:: Recorded data ::

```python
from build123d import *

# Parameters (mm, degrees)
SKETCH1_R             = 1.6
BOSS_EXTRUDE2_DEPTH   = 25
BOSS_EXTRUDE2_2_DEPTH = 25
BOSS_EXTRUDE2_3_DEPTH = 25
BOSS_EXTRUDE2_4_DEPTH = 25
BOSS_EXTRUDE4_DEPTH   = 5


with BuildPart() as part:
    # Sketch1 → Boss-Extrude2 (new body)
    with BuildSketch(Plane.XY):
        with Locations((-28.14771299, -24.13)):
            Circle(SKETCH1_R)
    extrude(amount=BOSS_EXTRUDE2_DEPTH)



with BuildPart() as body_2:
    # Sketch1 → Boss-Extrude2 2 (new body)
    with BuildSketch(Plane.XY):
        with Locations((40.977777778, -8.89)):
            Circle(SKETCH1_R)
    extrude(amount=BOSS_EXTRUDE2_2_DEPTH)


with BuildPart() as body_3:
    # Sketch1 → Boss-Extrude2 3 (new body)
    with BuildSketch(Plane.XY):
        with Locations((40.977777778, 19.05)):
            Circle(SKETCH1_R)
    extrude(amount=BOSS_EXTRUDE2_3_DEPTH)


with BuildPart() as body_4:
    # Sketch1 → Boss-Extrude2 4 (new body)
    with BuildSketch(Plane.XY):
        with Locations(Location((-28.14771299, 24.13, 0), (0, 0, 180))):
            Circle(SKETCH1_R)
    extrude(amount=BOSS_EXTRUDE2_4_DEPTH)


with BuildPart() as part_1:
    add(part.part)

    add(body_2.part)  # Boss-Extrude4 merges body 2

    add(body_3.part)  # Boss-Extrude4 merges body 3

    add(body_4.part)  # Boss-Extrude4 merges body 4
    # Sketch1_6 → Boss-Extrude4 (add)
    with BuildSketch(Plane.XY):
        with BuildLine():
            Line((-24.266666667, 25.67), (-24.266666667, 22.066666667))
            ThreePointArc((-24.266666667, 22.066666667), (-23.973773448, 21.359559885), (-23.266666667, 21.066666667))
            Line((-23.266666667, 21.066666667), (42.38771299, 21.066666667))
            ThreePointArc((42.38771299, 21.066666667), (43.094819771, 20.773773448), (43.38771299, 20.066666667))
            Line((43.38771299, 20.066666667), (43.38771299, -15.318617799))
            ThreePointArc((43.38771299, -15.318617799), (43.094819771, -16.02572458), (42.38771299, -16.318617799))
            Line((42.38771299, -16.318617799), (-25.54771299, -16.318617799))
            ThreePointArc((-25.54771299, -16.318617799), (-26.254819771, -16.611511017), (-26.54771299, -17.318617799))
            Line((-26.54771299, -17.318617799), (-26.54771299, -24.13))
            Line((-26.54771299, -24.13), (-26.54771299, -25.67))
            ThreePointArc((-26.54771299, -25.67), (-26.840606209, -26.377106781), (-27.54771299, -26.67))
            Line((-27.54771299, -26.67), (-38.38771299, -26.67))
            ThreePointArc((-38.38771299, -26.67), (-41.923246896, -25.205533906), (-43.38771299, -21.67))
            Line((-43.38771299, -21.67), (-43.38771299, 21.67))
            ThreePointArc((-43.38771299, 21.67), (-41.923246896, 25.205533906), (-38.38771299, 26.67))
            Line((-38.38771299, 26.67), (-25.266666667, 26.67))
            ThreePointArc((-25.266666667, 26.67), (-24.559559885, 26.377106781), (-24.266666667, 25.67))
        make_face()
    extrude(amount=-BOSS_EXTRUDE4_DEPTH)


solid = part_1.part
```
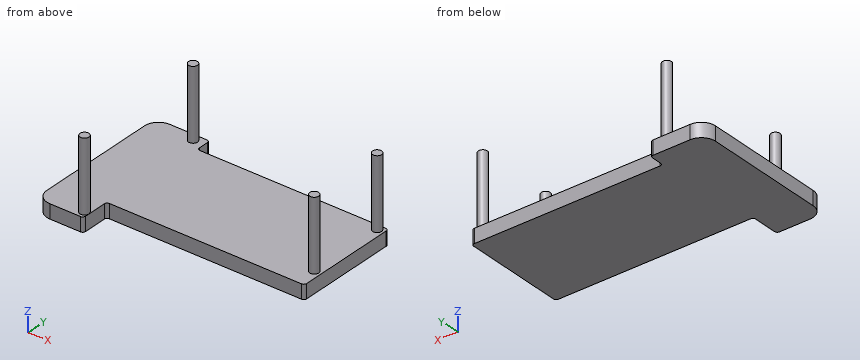
Build history of the part. All positions in model axes, mm. Give positions to 0.01 mm unless a question says otherwise; leave off trailing zeros. Loops run counter-clockwise (first coordinate to the right, second up) from the corner with the lowest first, then second, coordinate; pieces in that order, holes last.
Item 1: Slice it at D-D, the plane y = 9.5. List the corners of the cut face in (x, z), and give its area (3 significant figures).
Answers follow:
outline: (-43.39, -5) - (43.39, -5) - (43.39, 0) - (-43.39, 0) - close
area: 434 mm2
Item 2: Flat gauge pins, fed straight in: pin 1 (8 mm diameter, centred on y = -21, z = 19, fed in from -X); pin 2 (2.5 mm diameter, centred on x = 15.5, z = -2.5, fed in from +Y); pin 3 (5 mm diameter, centred on x = -1.5, y = 19.5, fed in from +Z). Where does each tip first touch, or does it go through?
Answers follow:
pin 1: stops at x = -29.75
pin 2: stops at y = 21.07
pin 3: stops at z = 0
Item 3: Slice it at A-A, the plane y = 19.05. List the corners of the cut face in (x, z).
Answers follow:
outline: (-43.39, -5) - (43.39, -5) - (43.39, 0) - (42.58, 0) - (42.58, 25) - (39.38, 25) - (39.38, 0) - (-43.39, 0) - close
Item 4: Slice it at C-C, the plane x = -3.5. List the corners of the cut face in (y, z).
Answers follow:
outline: (-16.32, -5) - (21.07, -5) - (21.07, 0) - (-16.32, 0) - close
Item 5: Drill centre lines: line 1 (Z direction, x = 10, y = 4.5); line 2 (X direction, y = -9, z = 11.25); line 3 (Y direction, x = 24, z = -0.75). Where is each one in solid material? Low to high.
Answers follow:
line 1: z = -5 to 0
line 2: x = 39.38 to 42.57
line 3: y = -16.32 to 21.07
Item 6: Slice it at B-B, the plane z = 1.5. List the corners of the cut face in (x, y), and give its area (3 significant figures).
Answers follow:
outline: circle Ø3.2 at (-28.15, -24.13); circle Ø3.2 at (-28.15, 24.13); circle Ø3.2 at (40.98, -8.89); circle Ø3.2 at (40.98, 19.05)
area: 32.2 mm2

:::

The answer must be a single number: the count of lines above that contain the word "first".

2